Covert v. John Morrell & Co.

The opinion of the court was delivered by

Thiele, J.:

This was an action for compensation for an injury sustained by plaintiff while in defendant’s employment.

The claim was denied by the commissioner of workmen’s compensation, but upon appeal was allowed by the district court.

Claimant was employed by John Morrell & Company as a traveling salesman. While driving upon the highway near Belleville, the windshield of his car was broken by a chunk of mud intentionally thrown from another car. Glass from the windshield was driven into his eye, causing the loss of sight and necessitating its removal. He claimed the injury occurred in the course of his employment and arose out of it, as he was required to travel upon the highway to reach customers.

As to the time, place and circumstances of the accident it happened in the “course of employment,” such phrase simply meaning that it happened while he was at work in his employer’s service. (Cox v. Refining Co., 108 Kan. 320, 195 Pac. 863.) But to impose liability upon the employer, the injury must also arise out of the *593employment. The compensation act requires that the injury “arise out of and in the course of” the employment. Both elements must be present to justify a recovery. “Arising out of” means that the accident came out of the employment and makes it a condition precedent to the right to recover compensation that the occurrence shall have resulted from the risk reasonably incident to the employment and that there be a causal connection. While not ordinarily essential that it be peculiar to the particular employment in which the workman was engaged at the time of the injury, it must arise out of a risk in some way peculiar to that in which he was engaged and not out of a hazard to which he would be equally exposed outside of the business. Claimant’s injury might have been sustained while traveling for his own pleasure as well as while he was in defendant’s employment. The employment in no way provoked or invited the attack. Apparently the occupants of the car would have thrown the mud whether or not claimant had been employed by defendant. There was no causal connection as was found in the case of Stark v. Wilson, 114 Kan. 459, 219 Pac. 507, where a streetcar conductor, while standing on the rear platform operating his car, without fault on his part was stabbed and killed by a passenger. It was there held that robbery is a hazard incident to employment as a street-car conductor, since he is known to be in possession of money, and that an injury inflicted in the perpetration thereof or in an assault provoked by the fact that he was the conductor of the car is compensable, but the court pointed out that—

“The accident must result from a risk naturally and reasonably incident to the employment. The risk must be within rational comprehension as an incident of the employment, and must be one to which the workman would not- be equally exposed outside of the employment. It is not enough for the dependents to say the conductor would not have been killed if he had not been at his place on his car at the time he was stabbed. They must say he was killed because he was a street-car conductor on duty, and so was overtaken by a hazard to which performance of his duty exposed him.” (p.462.)

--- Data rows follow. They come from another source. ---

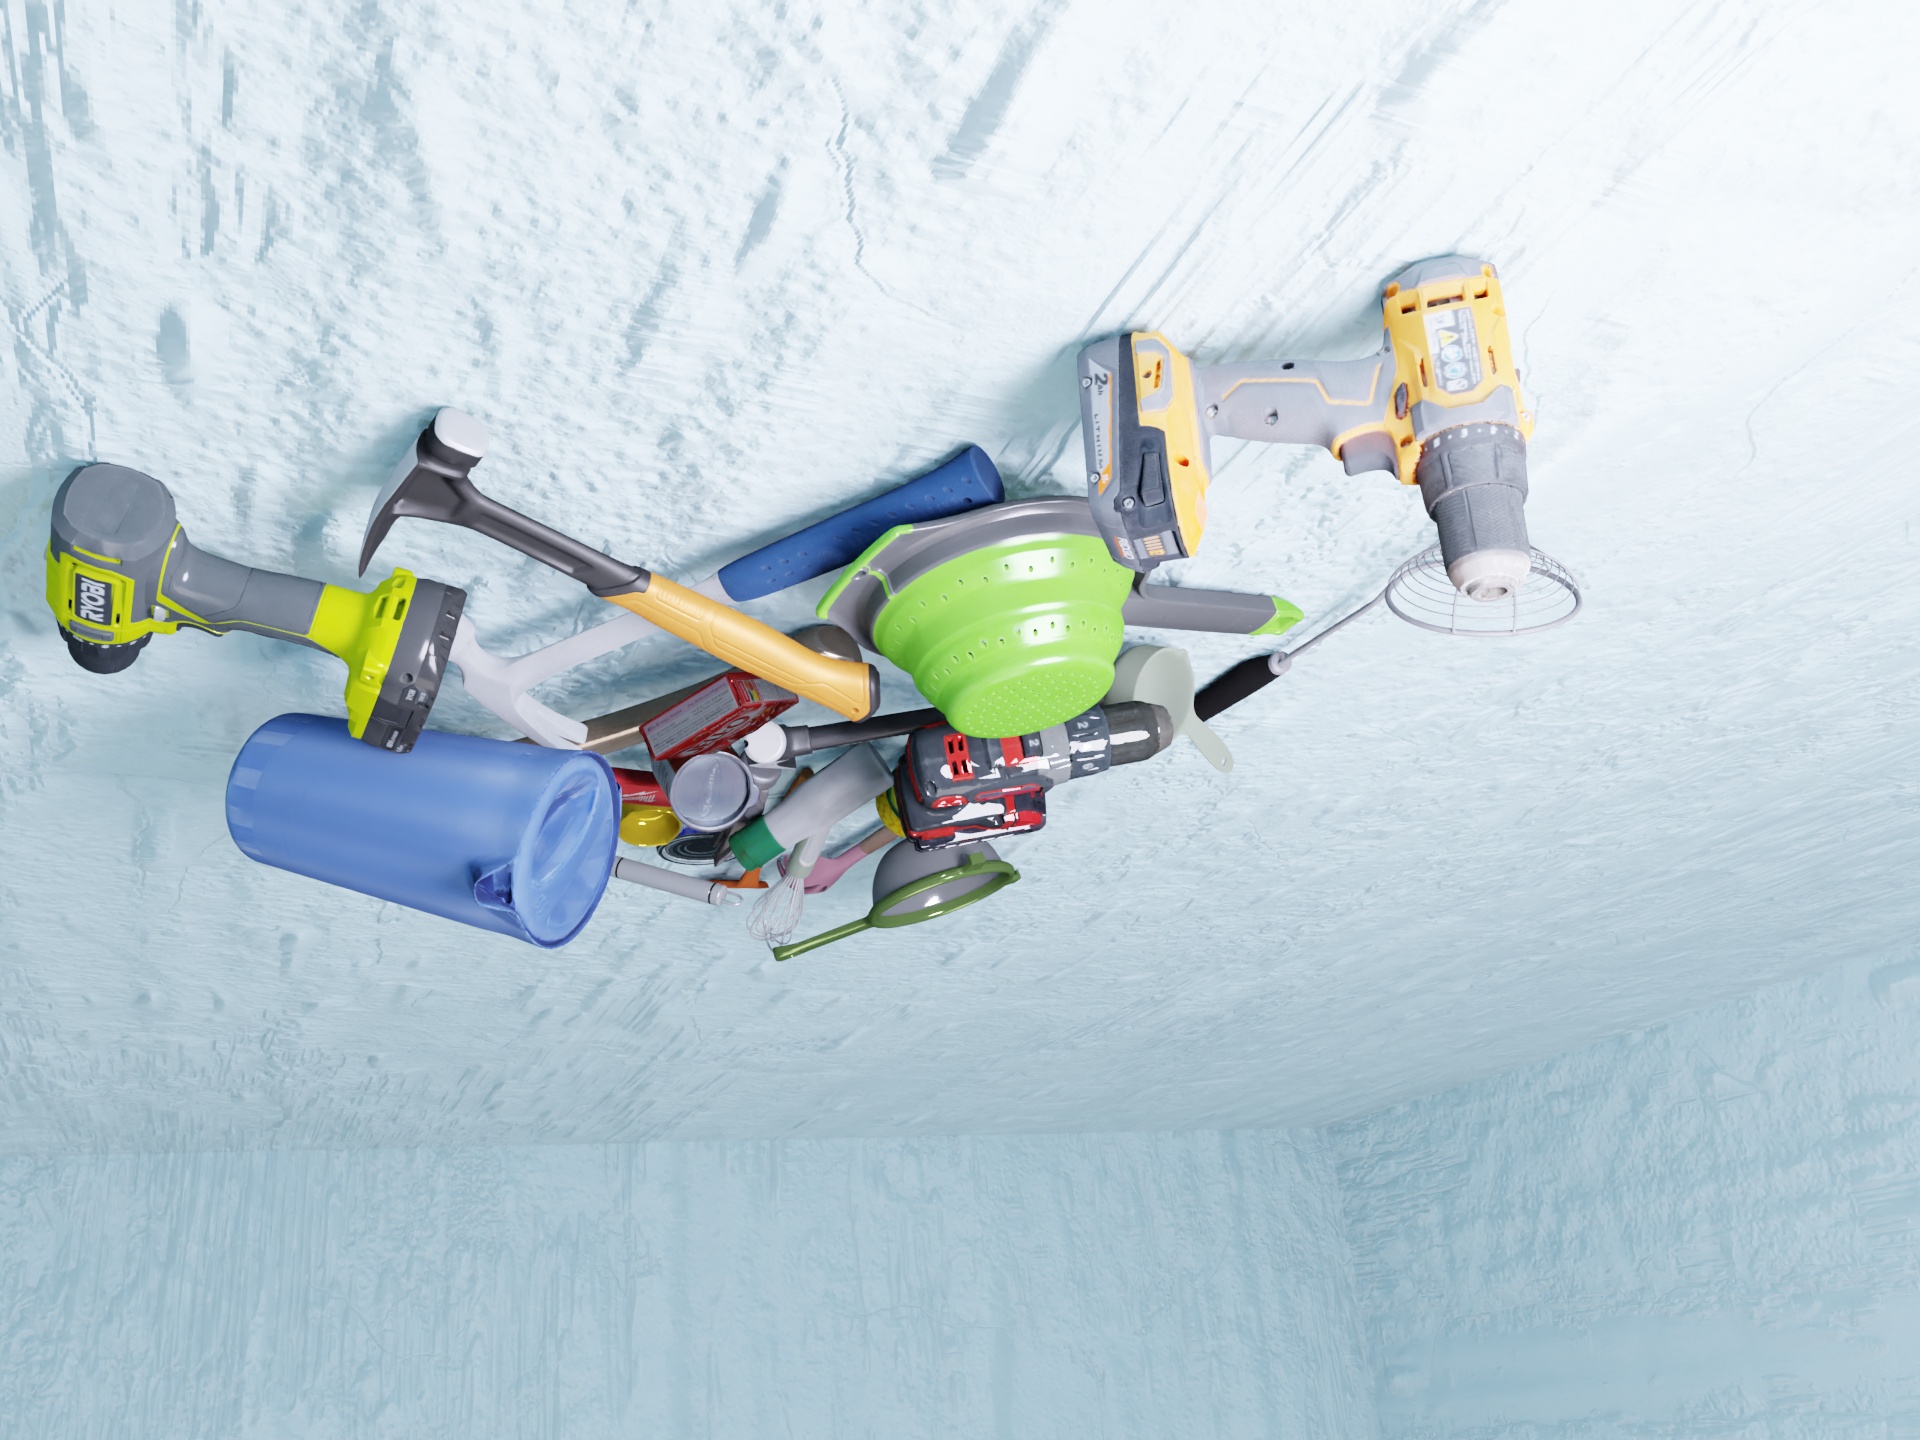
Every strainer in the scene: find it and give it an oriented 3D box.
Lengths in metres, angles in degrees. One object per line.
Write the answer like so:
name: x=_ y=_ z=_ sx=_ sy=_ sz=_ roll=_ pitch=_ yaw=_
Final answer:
strainer: x=-0.075 y=0.164 z=1.557 sx=0.256 sy=0.069 sz=0.151 roll=-22 pitch=163 yaw=11
strainer: x=-0.308 y=0.128 z=1.390 sx=0.258 sy=0.087 sz=0.050 roll=13 pitch=119 yaw=15

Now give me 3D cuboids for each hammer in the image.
hammer: x=-0.002 y=-0.004 z=1.254 sx=0.334 sy=0.035 sz=0.146 roll=-9 pitch=177 yaw=-5
hammer: x=-0.266 y=0.015 z=1.205 sx=0.410 sy=0.038 sz=0.146 roll=-17 pitch=146 yaw=10
hammer: x=-0.156 y=-0.080 z=1.035 sx=0.405 sy=0.035 sz=0.143 roll=-20 pitch=130 yaw=22
hammer: x=-0.194 y=-0.071 z=0.982 sx=0.336 sy=0.034 sz=0.127 roll=26 pitch=133 yaw=-31
hammer: x=-0.352 y=0.055 z=1.308 sx=0.386 sy=0.038 sz=0.143 roll=8 pitch=140 yaw=-25

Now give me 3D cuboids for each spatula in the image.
spatula: x=-0.190 y=0.114 z=1.531 sx=0.081 sy=0.041 sz=0.322 roll=3 pitch=151 yaw=-21

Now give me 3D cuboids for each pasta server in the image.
pasta server: x=-0.076 y=0.105 z=1.533 sx=0.060 sy=0.040 sz=0.316 roll=14 pitch=146 yaw=-37

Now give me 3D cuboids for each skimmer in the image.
skimmer: x=0.294 y=-0.042 z=1.194 sx=0.127 sy=0.090 sz=0.363 roll=-28 pitch=175 yaw=-36

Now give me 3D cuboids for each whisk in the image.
whisk: x=-0.159 y=0.148 z=1.540 sx=0.057 sy=0.059 sz=0.246 roll=-2 pitch=143 yaw=-25

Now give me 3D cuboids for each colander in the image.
colander: x=0.100 y=-0.049 z=1.068 sx=0.396 sy=0.095 sz=0.204 roll=2 pitch=152 yaw=-37

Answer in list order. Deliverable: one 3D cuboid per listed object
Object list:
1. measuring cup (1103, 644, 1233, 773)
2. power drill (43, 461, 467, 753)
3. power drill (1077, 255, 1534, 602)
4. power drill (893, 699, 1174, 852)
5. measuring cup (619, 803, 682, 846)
measuring cup: x=0.164 y=0.000 z=1.232 sx=0.038 sy=0.083 sz=0.167 roll=14 pitch=162 yaw=41
power drill: x=-0.439 y=-0.057 z=0.980 sx=0.228 sy=0.080 sz=0.190 roll=19 pitch=148 yaw=-21
power drill: x=0.183 y=-0.137 z=0.837 sx=0.226 sy=0.185 sz=0.084 roll=-8 pitch=158 yaw=14
power drill: x=0.044 y=0.035 z=1.180 sx=0.188 sy=0.080 sz=0.226 roll=-10 pitch=170 yaw=-11
measuring cup: x=-0.235 y=0.067 z=1.416 sx=0.156 sy=0.029 sz=0.062 roll=-24 pitch=142 yaw=10

The meaning of the phrase “arising out of” is further distinguished in Bevard v. Coal Co., 101 Kan. 207, 165 Pac. 657, and in Haas v. Light & Power Co., 109 Kan. 197, 198 Pac. 174, and was defined in Sellers v. Reice Construction Co., 124 Kan. 550, 262 Pac. 19, by quoting from McNicol’s case, 215 Mass. 497, 498:

“ ‘It is sufficient to say that an injury is received “in the course of” the employment when it comes while the workman is doing the duty which he *594is employed to perform. It “arises out of” the employment when there is apparent to the rational mind, upon consideration of all the circumstances, a causal connection between the conditions under which the work is required to be performed and the resulting injury. Under this test, if the injury can be seen to have followed as a natural incident of the work and to have been contemplated by a reasonable person familiar with the whole situation as a result of the exposure occasioned by the nature of the employment, then it arises “out of” the employment. But it excludes an injury which cannot be fairly traced to the employment as a contributing proximate cause and which comes from a hazard to which the workmen would have been equally exposed apart from the employment. The causative danger must be peculiar to the work and not common to the neighborhood. It must be incidental to the character of the business and not independent of the relation of master and servant. It need not have been foreseen or expected, but after the event it must appear to have had its origin in a risk connected with the employment, and to have flowed from that source as a rational consequence.'" (p. 553.)

The rule was stated that:

“If in any case the cause of injury takes.its rise from something extraneous to the employment, the injury does not arise out of the employment, and recovery should be denied on that ground, not on the ground that the employment is not proximate cause. The problem is usually solved, however, by invoking the doctrine of proximate cause.” (p. 554.)

There was a causal connection between the employment and the death of a traveling salesman in the case of Kennedy v. Hull & Dillon Packing Co., 130 Kan. 191, 285 Pac. 536, wherein the claimant while traveling over a highway was killed by contact with a high-voltage wire which had been strung above the highway and was blown down in a storm; the injury from the wire was a hazard of the road to which the employment of the deceased exposed him.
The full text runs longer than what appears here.